Each visible inspection and cross-entropy values present that the ZIP mannequin suits the noticed information higher than the Poisson mannequin. This offers an goal and quantifiable cause to choose ZIP regression over Poisson regression.
Mannequin comparability
Allow us to now examine a number of fashions. I break up the info into coaching and check units, however it was not instantly clear which analysis metrics can be most applicable. For example, ought to I depend on Poisson deviance, despite the fact that the info is zero-inflated? Or imply squared error, which closely penalizes outliers? In the long run, I selected to make use of a number of metrics to raised seize mannequin efficiency: imply absolute error, Poisson deviance, and correlation.

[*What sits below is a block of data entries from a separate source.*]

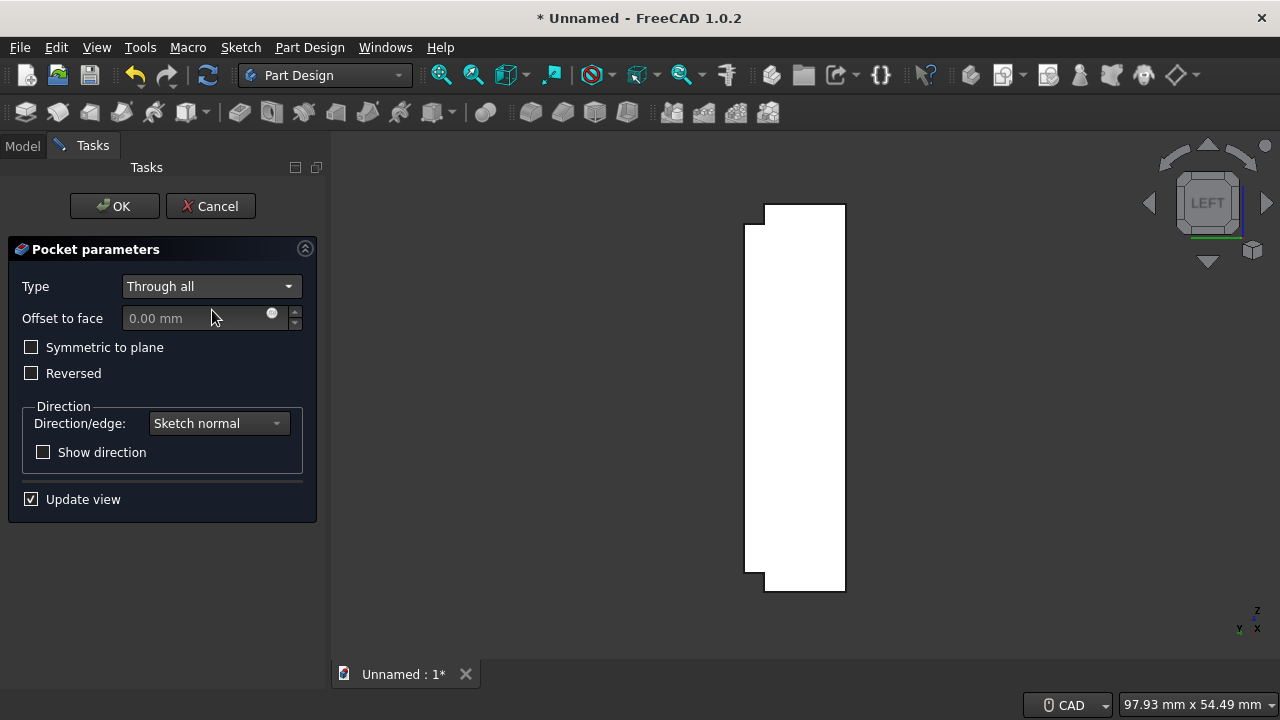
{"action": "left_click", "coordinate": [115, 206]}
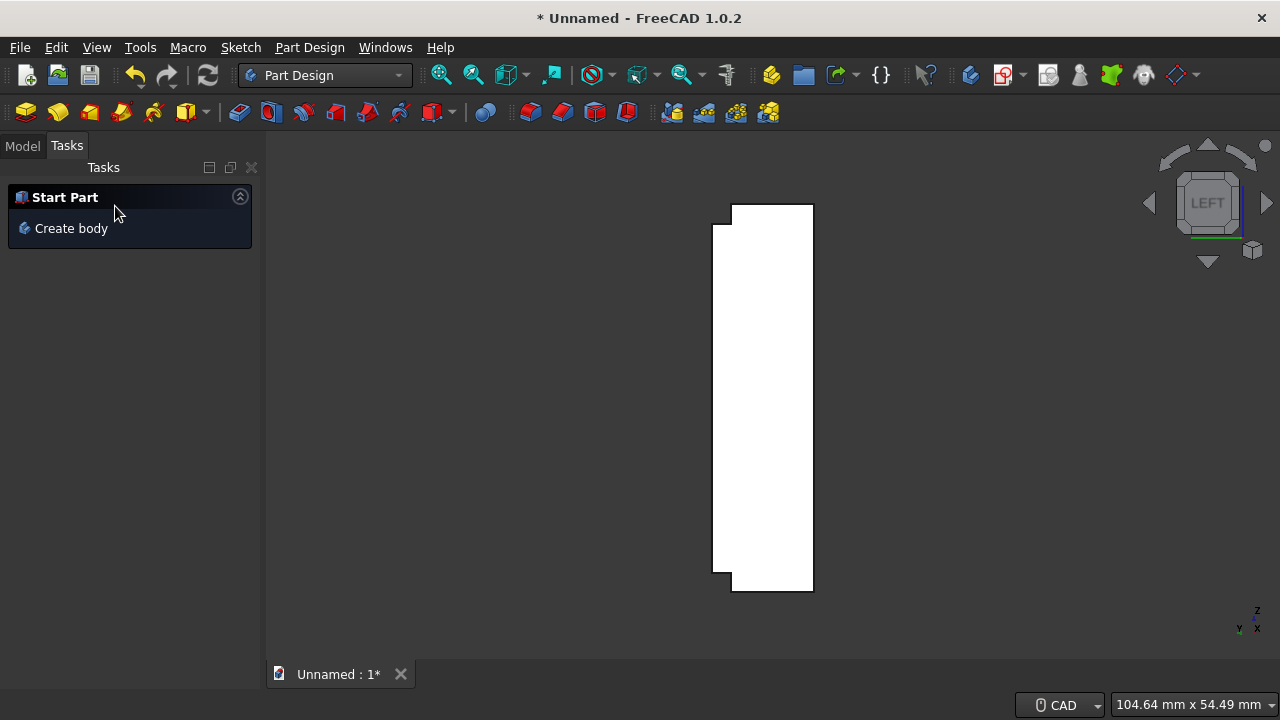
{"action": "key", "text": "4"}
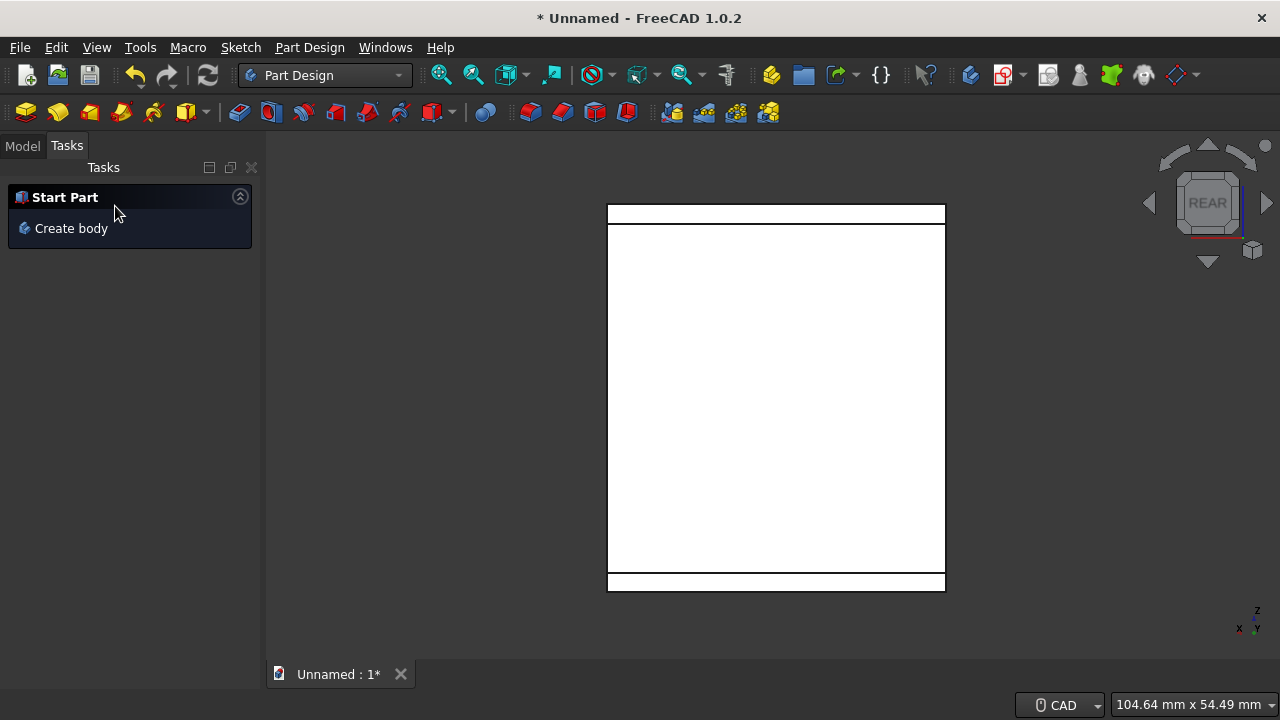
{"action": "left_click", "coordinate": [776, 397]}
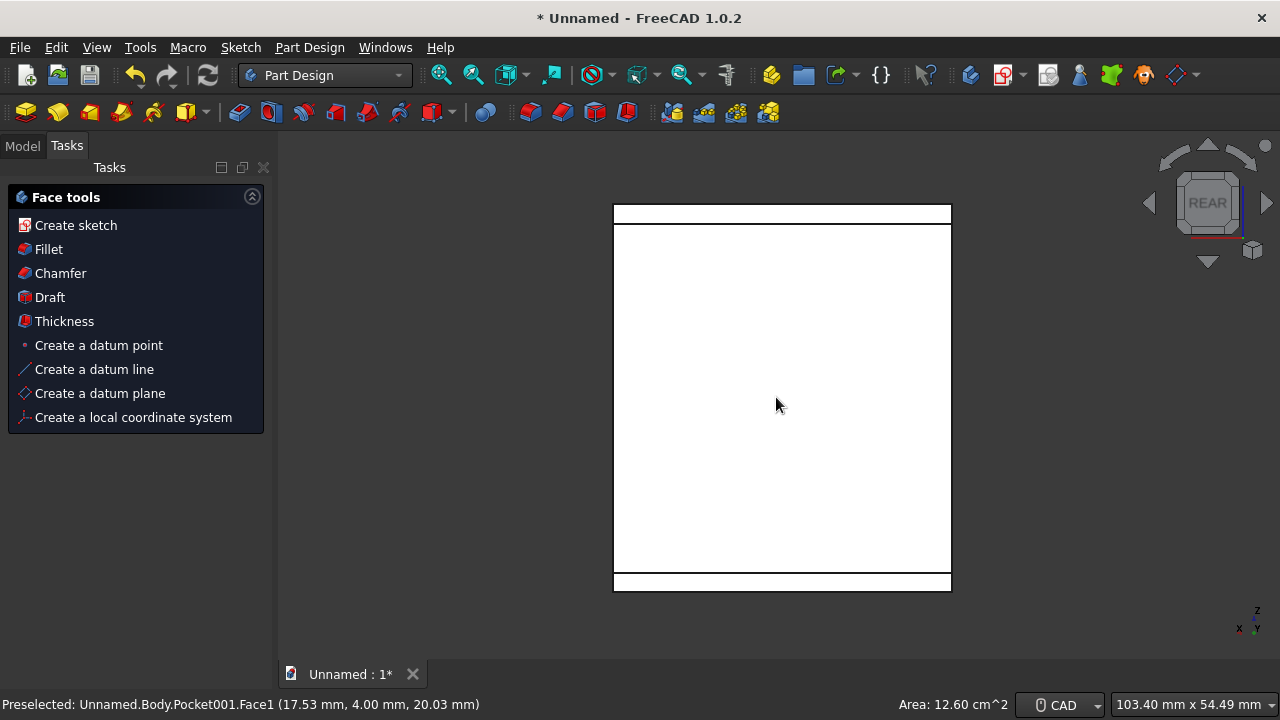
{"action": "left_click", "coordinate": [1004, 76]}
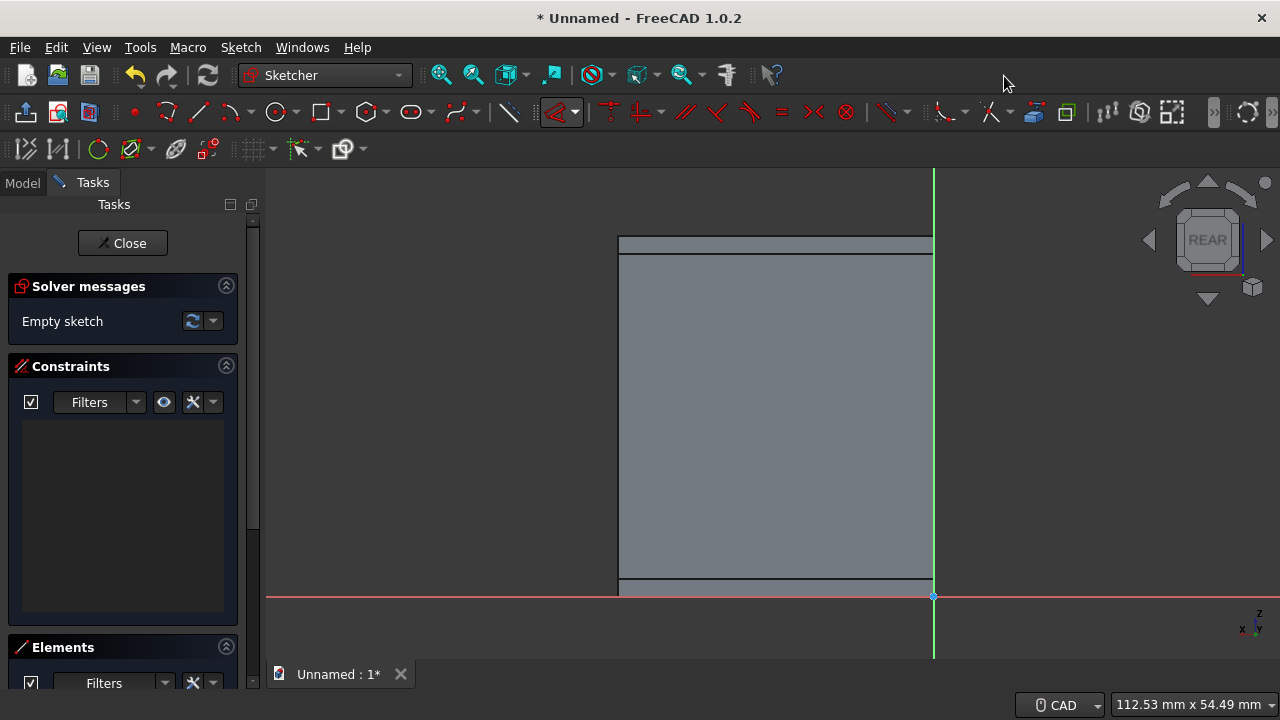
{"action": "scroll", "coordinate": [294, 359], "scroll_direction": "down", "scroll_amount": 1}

The fashions I evaluated are:
- A naïve mannequin predicting the imply worth of the coaching set,
- Linear regression (lr),
- Poisson regression (pr),
- Zero-inflated Poisson regression (zip),
- A chained Logistic–Poisson regression (hurdle mannequin, lr_pr),
- A chained Logistic–Zero-Truncated Poisson regression (hurdle mannequin, lr_tpr).
ZIP mannequin
Allow us to take a look at the ZIP regression implementation. First the detrimental log chance of the noticed information, famous y, is:

The marginal chance of the noticed information, P(Y=y), will be expressed analytically with out the integral formulation of the joint distribution, P(Y=y, X1=x1). So it will be optimized immediately with no need to make use of the expectation minimization algorithm [6]. The 2 distribution parameters p and Ⲗ are features of the options X and the parameters of the mannequin β that can be learnt. I’ve chosen that p is outlined because the sigmoid of the dot product between X and β and Ⲗ is outlined because the exponential of the dot product between X and β. To make the mannequin extra versatile, I exploit separate units of parameters β: one for p and one other for λ.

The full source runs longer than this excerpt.